The books range on length from novels (60-130,000 words) to novellas (20-40,000 words). My books do have sex between consenting adults. The novellas are mostly ♥♥♥. Novels are ♥♥♥♥. There is some violence and mild profanity.

------holding hands, perhaps a gentle kiss
♥♥ ---- more kisses but no tongue-- no foreplay
♥♥♥ ---kissing, tongue, caressing, foreplay & pillow talk
♥♥♥♥ --all of above, full sexual experience including climax
♥♥♥♥♥ -all of above including coarser language and sex more frequent

Sunday, November 16, 2014

researching women

and a tiny example of how life changes for women

With my work in progress, that will be set in 1900, I was particularly interested in women's rights since they were constantly changing.  These rights aren't just about what someone can do legally but an attitude that impacts character and expectations even more than fashion.

As an example, in 1769, the Colonies had adopted the English system of property ownership for women. Married men owned the property and even any income the wife might have earned. By 1900, all the states had passed legislation, like New York's 1848 'Married Women Property Act.' Married women could then keep their own wages and own and control (that latter is significant) property in their own name. 

It took until 1835 for married women to first be granted that right to own but not manage in some states. An example would be two laws passed in 1840. Texas passed a law enabling married women to own and control property; while Maine passed a law enabling married women to own property but not control it. 
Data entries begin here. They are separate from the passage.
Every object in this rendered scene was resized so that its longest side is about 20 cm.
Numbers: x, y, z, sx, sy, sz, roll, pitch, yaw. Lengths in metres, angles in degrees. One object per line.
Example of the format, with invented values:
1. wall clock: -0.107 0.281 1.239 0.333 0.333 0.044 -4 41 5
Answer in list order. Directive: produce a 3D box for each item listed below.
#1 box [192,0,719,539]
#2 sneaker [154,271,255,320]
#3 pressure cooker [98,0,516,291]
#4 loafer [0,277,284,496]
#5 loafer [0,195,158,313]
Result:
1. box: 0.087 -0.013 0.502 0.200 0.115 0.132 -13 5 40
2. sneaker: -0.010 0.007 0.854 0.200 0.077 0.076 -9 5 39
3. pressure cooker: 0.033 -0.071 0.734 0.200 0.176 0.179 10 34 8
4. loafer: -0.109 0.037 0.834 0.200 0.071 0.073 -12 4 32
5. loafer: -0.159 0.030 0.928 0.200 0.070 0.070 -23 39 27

Oregon was moving right along with it, in their typical rather bigoted way (blacks could not own property there until 1912). In 1857, married women could own property but not control it. The 1852 Homestead Act enabled married couples to each file on land... but it appears the wife could not control her section. It was 1880 before Oregon created a law where married women were entitled to earn their own wages and control them. Can't let the little woman have too much power, now can we!

Now if a woman was single, it goes way back to where she could own property, earn money, enter into contracts. This all lasted until she married, which most women did.  


It is not hard to see why some women of wealth might not want to marry. After marriage, they might maintain some power over what they brought into the marriage, the dower; but the husband basically ran their estates. 

Women had been fighting for the right to vote since the mid-1800s. Some states granted them that but only for their own elections, not to vote for President.  Wyoming was particularly notable for this as saying they would not come into the Union if their women could not vote. They were the first state, 1869, where women were granted the right to vote.

In 1872, Susan B. Anthony put to the test whether the 14th Amendment, which granted all the right to vote, meant women. It did not. She was arrested. 

In Minor v. Happersett, a Missouri law that limited the right to vote to men, the Supreme Court said while women are persons under the 14th Amendment, they were a special category of 'non-voting' citizens. States could grant or deny them the right to vote. Remember even if a state did, that did not mean for the United States President!

Every single, female character in my historicals did not have the right to vote. Sometimes I brought it up as an issue that the women resented it and expressed the unfairness; but none of my characters were Suffragettes, the women who marched and demonstrated to get the vote and other rights for women.

All of this is a clear example of the hard fight women had to find anything approaching equal rights with men. It is not an attack on men because there were men who fought for this right for women. Without that, we'd still not be voting as the courts were not on the side of women without the men changing the laws.

Where it comes to writing an historical novel, human rights become of great interest to a writer. In basing my next story in 1900, when a lot of things were changing, including a woman's right to a university education and many professions previously closed to them, it was especially important to do the research. 

A lot of what I learned makes me rethink a small section of what I wrote in an earlier epilogue of one of my historicals. I had not thought of a woman marrying and automatically her property becoming her husband's. Not a bad deal if the guy is honorable. A disaster if he was not! And since women didn't have the right to vote until much later, they weren't in a position to change it-- although some gave up freedom and suffered much to make it change.

Where it comes to history, so much of what we believe often comes not from historic fact but from movies or reading fiction. It pays to research and think about the details of daily life-- in this case where it came to government and its role in the lives of its citizens.

I spent a fair amount of time trying to decide if my epilogue, in the 1899 Arizona Dawn, was accurate. In the process, I read this article, Anna's Story, but am still unsure exactly how marriage impacted ownership, if not control of property. A quote from the article is worth paraphrasing: The judge said the presumption that a woman who has owned and managed property should, as soon as she married, lose the mentality needed to manage it, is nuts (Okay I added the last word.). It was however the very reason women had not been earlier given the vote. They were not trusted to be intelligent enough nor willing to do the research to vote wisely. Exactly how that meant all men were is debatable for anyone looking at this logically.